Сара погладила Марию по склоненной голове. Та, не отвлекаясь от своей работы, на миг прижалась щекой к ее руке.
– Мария – чудо, наш Оракул. Я не знаю, рисовала ли она прежде. – Сара вопросительно взглянула на Кристину, но девушка ничего не могла ответить. Ни отец, ни тетя не упоминали о художественных способностях матери. – Однако, живя здесь, она написала десятки, сотни работ. Я храню их все, и не только потому, что они прекрасны. В них содержатся пророчества, которых мы пока не можем разгадать, не видим, не понимаем, но они могут оказаться бесценными для будущих поколений живущих.
– Дядюшка говорил: вы всегда знаете, кто должен стать одним из вас, обладающий даром познания предупреждает о приходе очередного призванного. Значит, моя мать – этот ваш провидец.
– И не спрашивай меня, откуда она знает.
Кристина обошла стол. Мария, все так же увлеченная рисованием, не подняла головы. Девушка отодвинула стул, села напротив матери. Спустя несколько минут, возможно, почувствовав ее взгляд, художница взглянула на Кристину. Карандаш дрогнул в ее руке, лицо недовольно сморщилось.
– Кто это? – оглянувшись на Сару, спросила Мария. – Я не люблю, когда на меня смотрят, если я рисую.
– Знаю, милая. Кристина просто хотела познакомиться с тобой.
Мария перевела взгляд на Кристину и упрямо набычилась, словно маленькая девочка.
– Чужие люди не должны входить в мою комнату.
«Только не реви! Ты ее напугаешь!» – приказала себе Кристина, чувствуя, что не может вымолвить ни слова.
– Мы ничего не тронем, милая. И сейчас уйдем.
Повинуясь порыву, Кристина встала и взяла с полки медвежонка Винни с пуговичным глазом, подошла к матери и вложила ей в руки.
Та, видимо, от неожиданности, не стала противиться и взяла игрушку. Кристина опустилась на колени возле ее стула и теперь смотрела на мать снизу вверх.
– Я знаю, ты не помнишь, откуда он у тебя, мама. Но это я дала его тебе давно, много лет назад. Ты уехала, а я так скучала… – Не удержавшись, Кристина всхлипнула, стараясь подавить рыдания. – Мне хотелось, чтобы Винни защищал тебя от всего дурного и не давал забыть обо мне. – Она встала и поцеловала мать в щеку. – Я люблю тебя, мама.
Кристина направилась к двери, но не успела сделать нескольких шагов, как услышала за спиной звук отодвигаемого стула.
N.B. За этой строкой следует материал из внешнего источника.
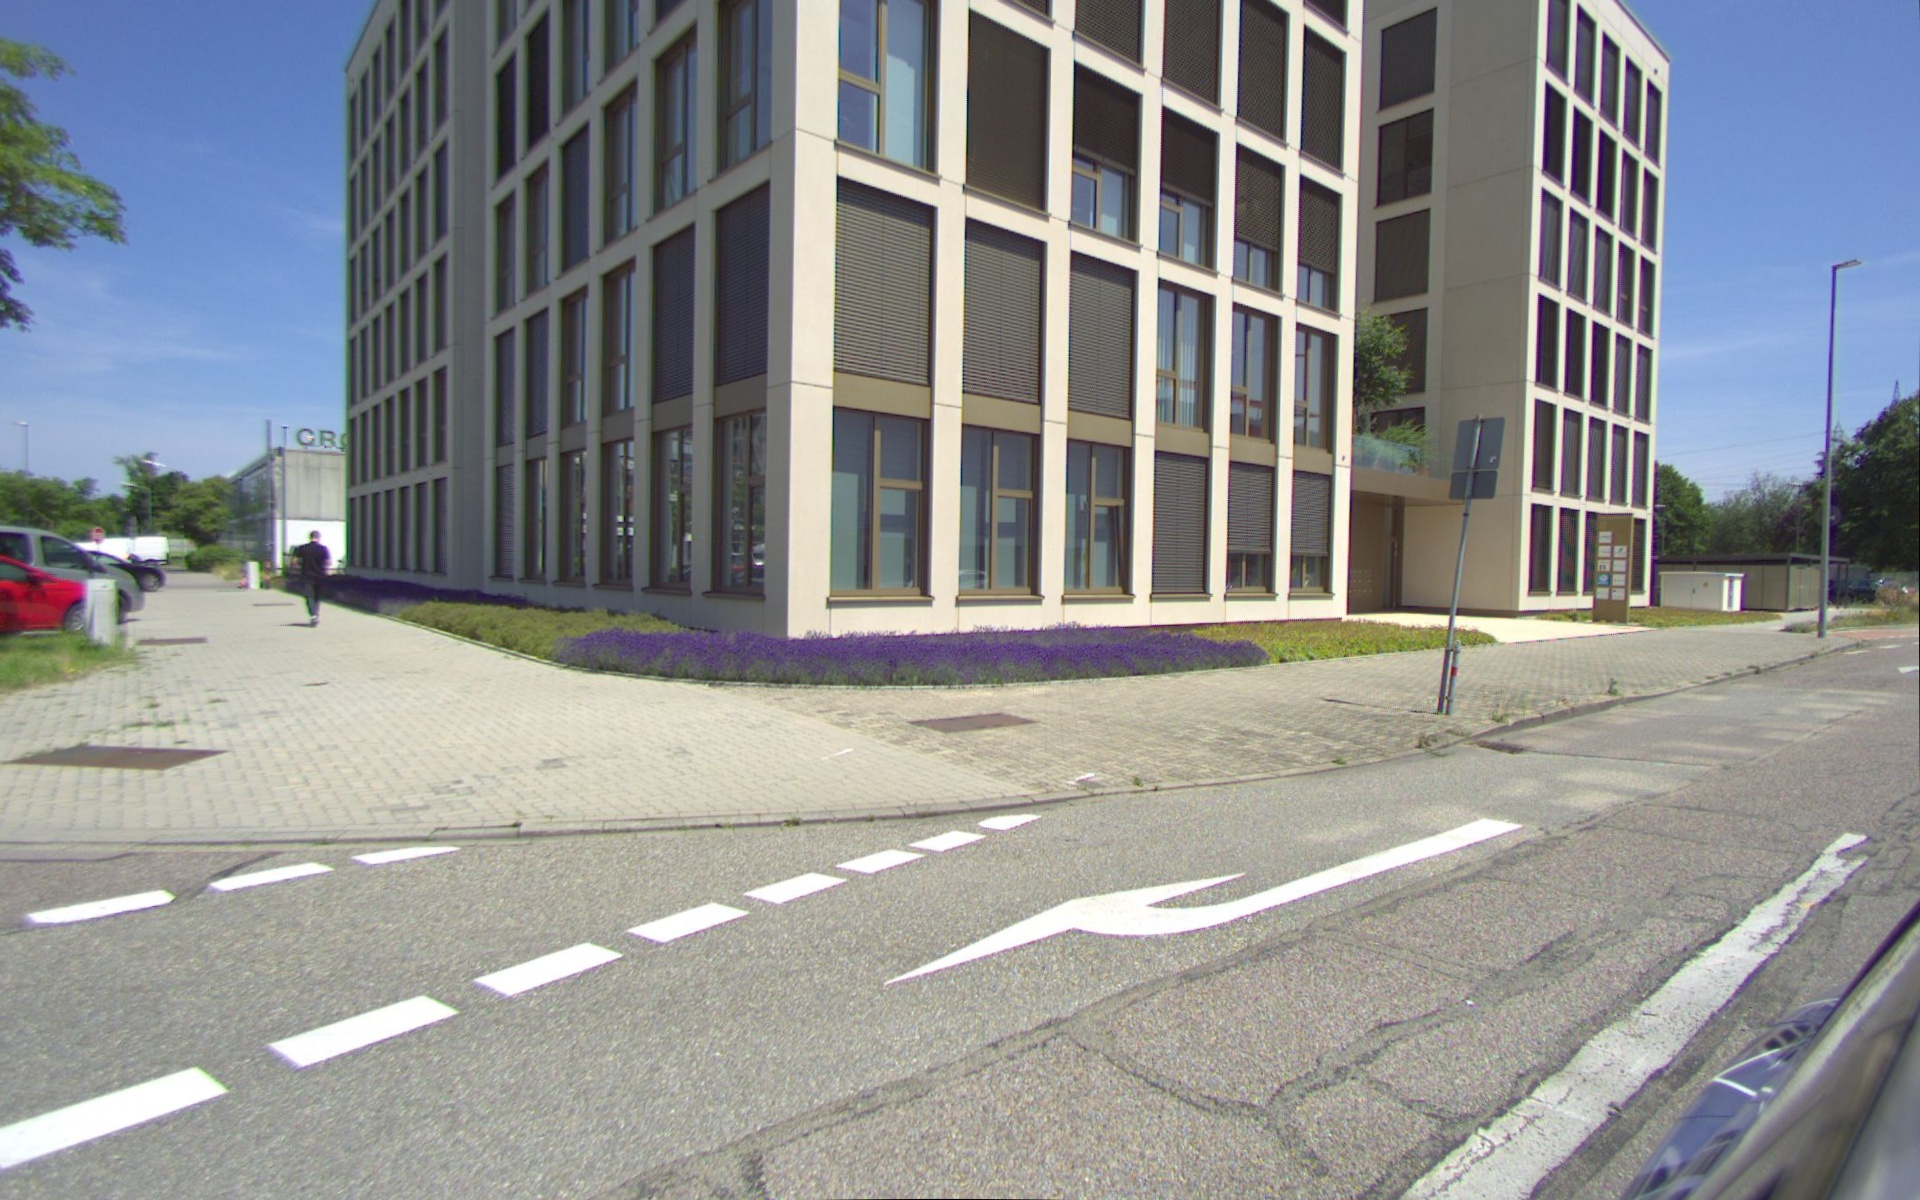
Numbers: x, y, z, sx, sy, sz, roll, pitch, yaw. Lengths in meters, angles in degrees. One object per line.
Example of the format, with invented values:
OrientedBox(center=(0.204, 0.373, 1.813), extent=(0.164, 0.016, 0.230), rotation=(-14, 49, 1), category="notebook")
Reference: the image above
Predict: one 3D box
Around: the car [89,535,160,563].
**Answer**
OrientedBox(center=(-67.499, -4.093, 81.850), extent=(4.280, 2.146, 2.094), rotation=(0, 2, -37), category="car")

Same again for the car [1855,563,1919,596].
OrientedBox(center=(59.203, -1.295, 63.559), extent=(3.958, 1.977, 1.984), rotation=(2, 2, 25), category="car")

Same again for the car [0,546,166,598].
OrientedBox(center=(-29.109, -0.976, 33.498), extent=(1.792, 1.557, 4.131), rotation=(0, 3, 19), category="car")

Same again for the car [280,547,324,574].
OrientedBox(center=(-37.932, -2.288, 58.315), extent=(1.758, 1.540, 3.574), rotation=(-1, 3, -39), category="car")

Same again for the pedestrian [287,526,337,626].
OrientedBox(center=(-12.429, -0.473, 19.443), extent=(0.758, 1.867, 0.869), rotation=(-1, 3, -32), category="pedestrian")

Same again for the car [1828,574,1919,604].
OrientedBox(center=(55.703, -0.718, 61.579), extent=(3.960, 1.682, 1.822), rotation=(2, 3, 26), category="car")

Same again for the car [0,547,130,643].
OrientedBox(center=(-15.374, -0.085, 15.576), extent=(1.584, 1.452, 3.991), rotation=(1, 2, 9), category="car")

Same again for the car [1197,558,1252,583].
OrientedBox(center=(21.089, -2.353, 80.644), extent=(3.921, 1.874, 2.002), rotation=(0, 2, -31), category="car")

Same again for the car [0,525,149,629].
OrientedBox(center=(-17.761, -0.436, 18.429), extent=(1.676, 1.838, 4.899), rotation=(1, 2, 7), category="car")

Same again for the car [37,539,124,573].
OrientedBox(center=(-54.962, -2.725, 63.341), extent=(3.925, 2.038, 2.000), rotation=(0, 2, -36), category="car")

Ножки скрипнули по полу, Кристина повернулась и увидела, что мать стоит, прижимая к груди медвежонка Винни и глядя на нее.
– Кукла, – неуверенно проговорила Мария, словно не вполне понимая, что за слова произносит, кого имеет в виду.
– Да, мама.
– Будь умницей, Кукла, – все тем же дрожащим, нетвердым голосом сказала Мария.
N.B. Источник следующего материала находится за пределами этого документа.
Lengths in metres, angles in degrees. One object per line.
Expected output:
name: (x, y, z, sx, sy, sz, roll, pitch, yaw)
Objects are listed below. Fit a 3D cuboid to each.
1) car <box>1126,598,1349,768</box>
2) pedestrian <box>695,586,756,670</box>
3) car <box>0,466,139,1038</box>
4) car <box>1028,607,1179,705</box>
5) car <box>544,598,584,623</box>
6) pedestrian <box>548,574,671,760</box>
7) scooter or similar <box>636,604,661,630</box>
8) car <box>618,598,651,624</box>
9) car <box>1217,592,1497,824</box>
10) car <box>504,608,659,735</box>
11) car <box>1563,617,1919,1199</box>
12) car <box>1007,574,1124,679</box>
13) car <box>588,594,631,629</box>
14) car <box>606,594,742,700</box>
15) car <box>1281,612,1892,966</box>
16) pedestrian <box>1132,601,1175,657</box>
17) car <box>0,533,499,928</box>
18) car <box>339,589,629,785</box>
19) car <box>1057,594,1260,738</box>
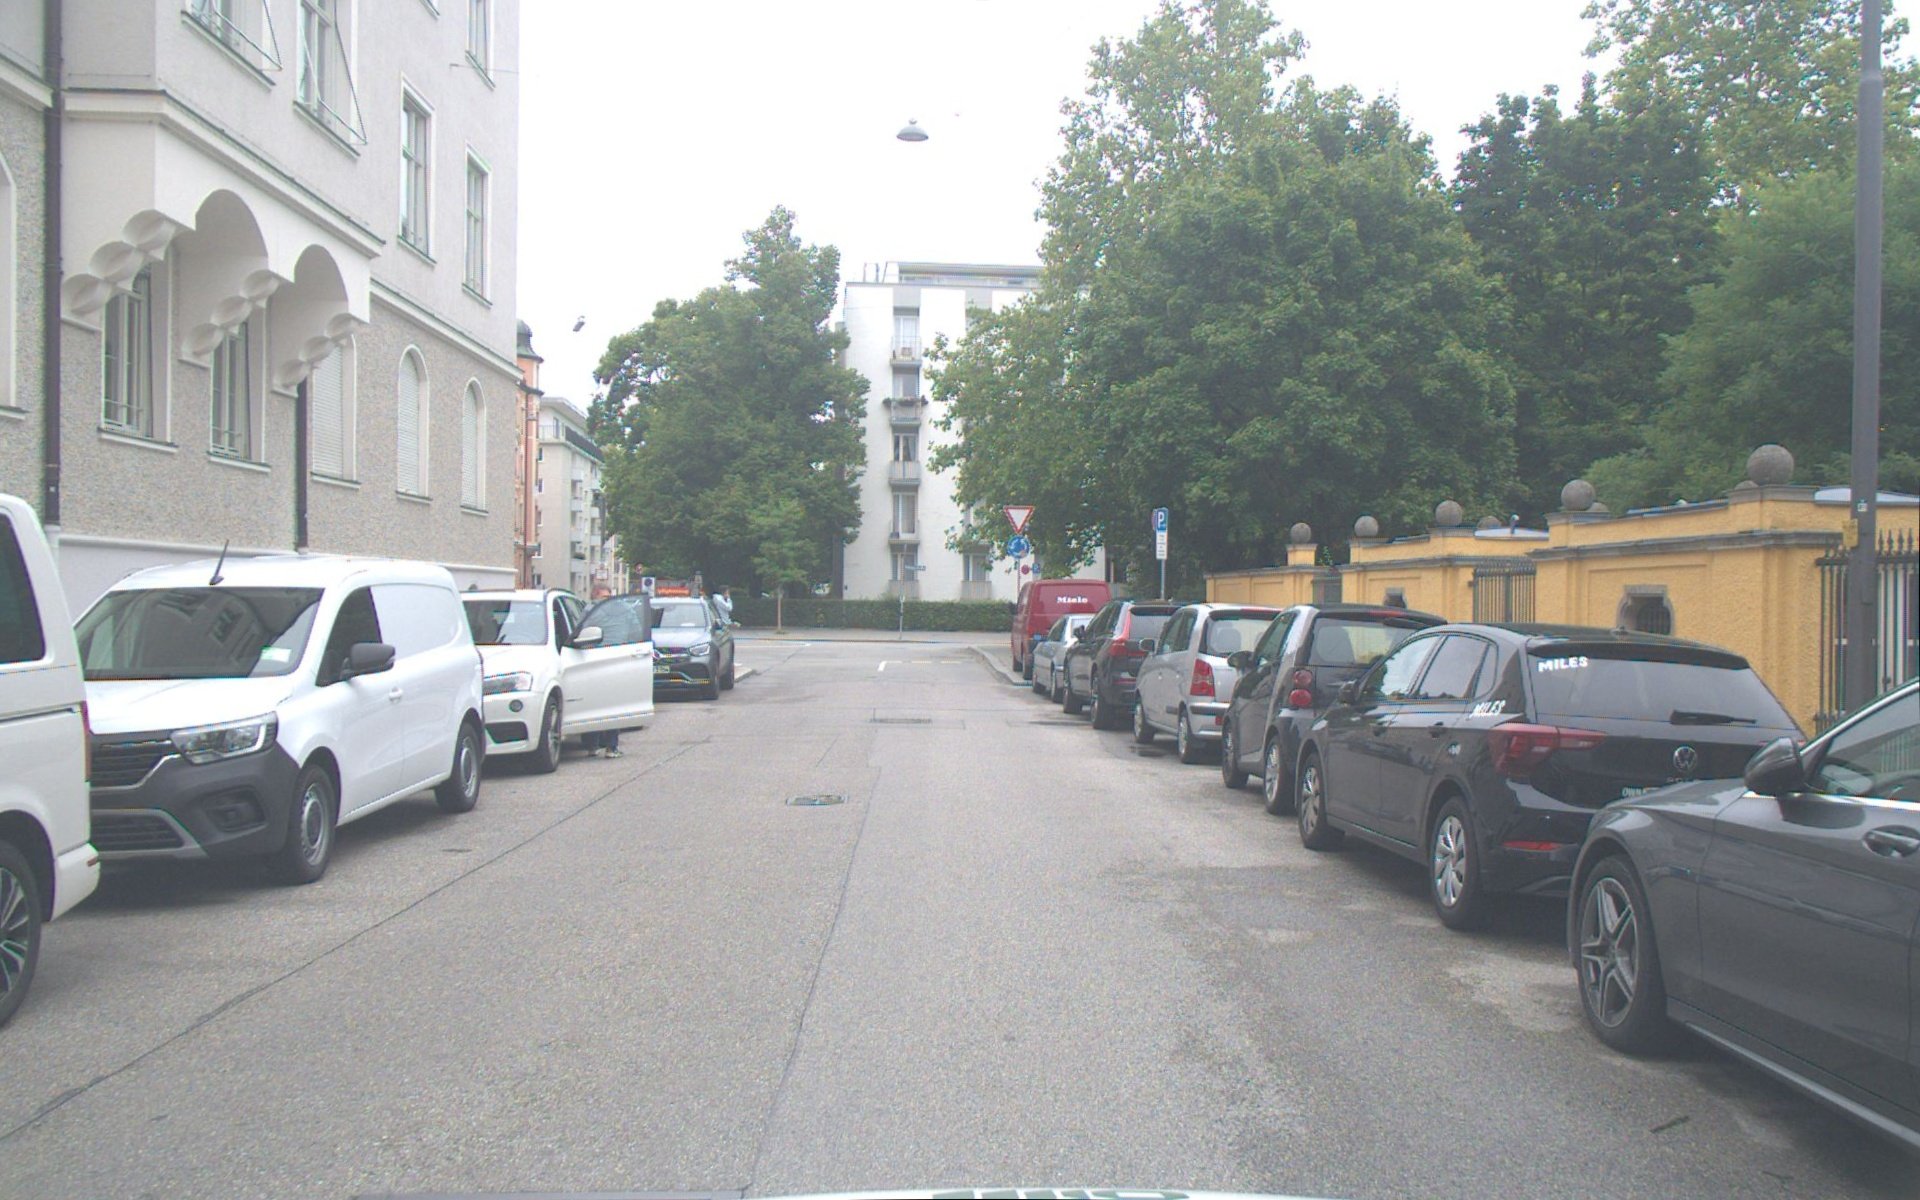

– Конечно, мамочка. Обещаю, – сквозь слезы прошептала Кристина.
Они еще пару секунд смотрели друг на друга, а потом Мария снова уселась на стул, собираясь продолжить работу.
Выйдя в коридор, Кристина обхватила себя руками, словно стараясь согреться. Сара притворила дверь в комнату Марии.
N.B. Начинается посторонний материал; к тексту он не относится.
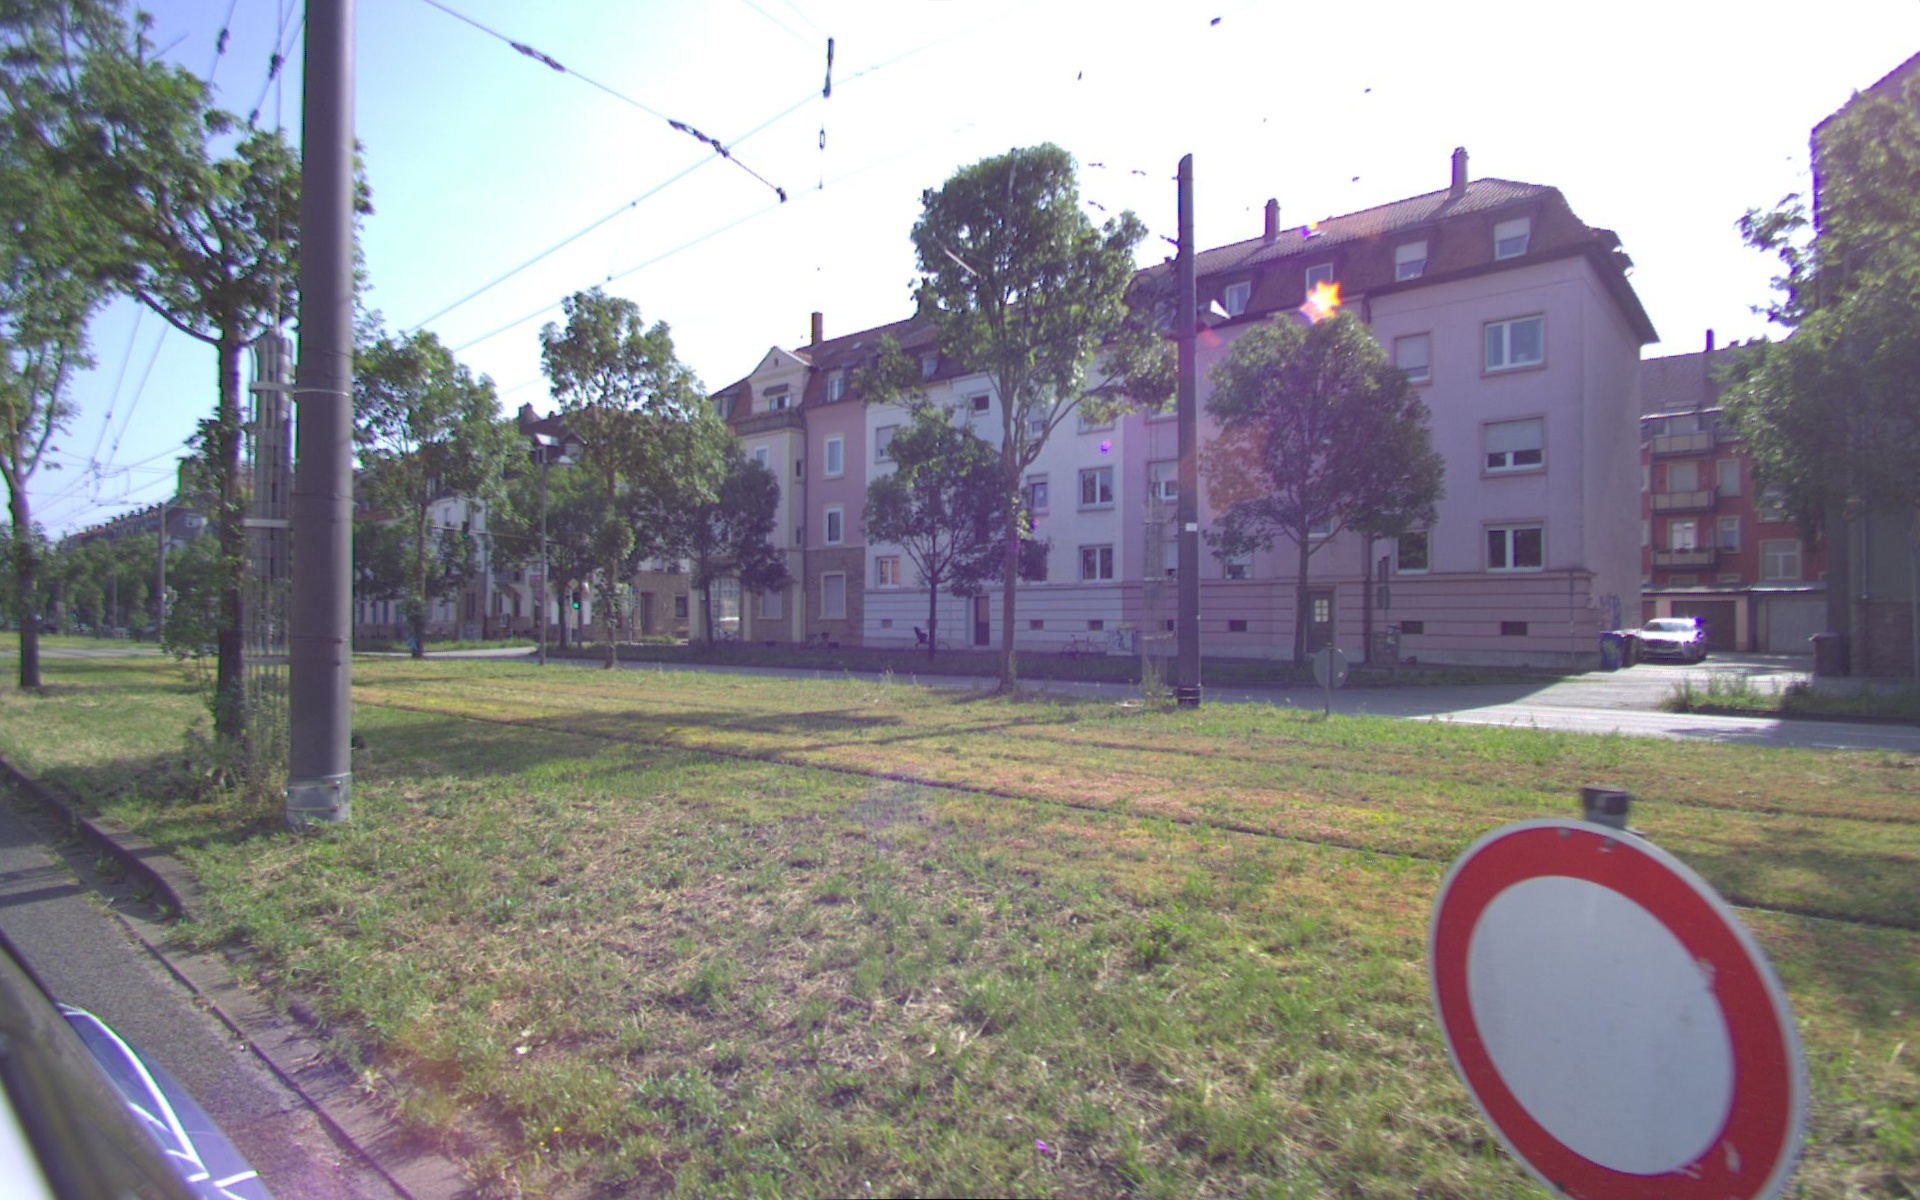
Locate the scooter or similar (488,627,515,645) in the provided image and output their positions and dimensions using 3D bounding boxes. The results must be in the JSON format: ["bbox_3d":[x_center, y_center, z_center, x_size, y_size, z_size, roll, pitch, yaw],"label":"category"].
[{"bbox_3d":[-29.843,2.344,65.867,1.477,1.077,0.737,-1,1,20],"label":"scooter or similar"}]

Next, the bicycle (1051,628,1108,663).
[{"bbox_3d":[4.162,1.576,35.385,1.946,1.136,0.598,-1,1,40],"label":"bicycle"}]

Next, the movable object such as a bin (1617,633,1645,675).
[{"bbox_3d":[20.318,1.636,30.649,0.640,1.220,0.579,-1,1,40],"label":"movable object such as a bin"}]

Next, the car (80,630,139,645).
[{"bbox_3d":[-97.828,4.327,116.473,4.696,1.496,2.029,-1,1,-17],"label":"car"}]

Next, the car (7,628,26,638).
[{"bbox_3d":[-153.389,5.290,164.548,4.649,1.470,1.926,-1,1,43],"label":"car"}]

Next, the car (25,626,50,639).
[{"bbox_3d":[-114.995,4.063,126.121,3.923,1.444,1.794,-1,1,41],"label":"car"}]

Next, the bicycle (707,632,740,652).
[{"bbox_3d":[-11.542,2.034,49.419,1.946,0.895,0.463,-1,1,40],"label":"bicycle"}]

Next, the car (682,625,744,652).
[{"bbox_3d":[-17.257,2.668,70.767,1.832,1.633,3.948,-1,1,39],"label":"car"}]

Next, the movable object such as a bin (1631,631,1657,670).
[{"bbox_3d":[22.131,1.633,32.725,0.640,1.220,0.579,-1,1,40],"label":"movable object such as a bin"}]

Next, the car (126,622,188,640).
[{"bbox_3d":[-86.587,3.343,109.227,4.869,1.739,1.862,-1,1,-14],"label":"car"}]

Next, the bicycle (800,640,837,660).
[{"bbox_3d":[-6.252,2.193,44.720,1.946,0.795,0.433,-1,1,40],"label":"bicycle"}]

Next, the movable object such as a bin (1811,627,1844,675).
[{"bbox_3d":[22.641,1.320,26.416,0.640,1.220,0.579,-1,1,40],"label":"movable object such as a bin"}]

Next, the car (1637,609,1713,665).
[{"bbox_3d":[24.341,1.214,34.387,1.825,1.640,4.235,-1,0,39],"label":"car"}]

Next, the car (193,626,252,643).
[{"bbox_3d":[-66.745,3.110,91.665,3.947,1.326,1.667,-1,1,-14],"label":"car"}]

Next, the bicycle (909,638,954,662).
[{"bbox_3d":[-1.135,1.981,40.078,1.946,0.863,0.443,-1,1,40],"label":"bicycle"}]

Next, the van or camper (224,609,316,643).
[{"bbox_3d":[-56.613,2.104,83.196,5.826,2.593,2.205,-1,1,-14],"label":"van or camper"}]

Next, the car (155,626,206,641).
[{"bbox_3d":[-77.037,3.317,100.080,3.625,1.251,1.667,-1,1,-14],"label":"car"}]

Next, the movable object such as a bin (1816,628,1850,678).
[{"bbox_3d":[22.250,1.336,25.800,0.640,1.220,0.579,-1,1,40],"label":"movable object such as a bin"}]

– Хочешь кофе? Или, может, соку? – В ее голосе слышалось искреннее сочувствие.
Кристина покачала головой и двинулась к лестнице.
– Нам с Игорем пора. Пришло время покончить со всем этим.
– Как скажешь, милая.
Они были уже возле входной двери, когда Кристина спросила:
– Вы говорите, что ваша миссия – служение Всевышнему, вы вроде монахов, принявших постриг. В школе у нас был предмет «Веронаука», там учили, что Бог есть любовь. Откуда же тогда эта жесткость? Зачем ему понадобилось разлучать нас?
Она говорила громко, не заботясь о том, что ее могут услышать. Вопросы, которые она бросала в лицо Саре, не требовали ответов, ей просто нужно было выговориться.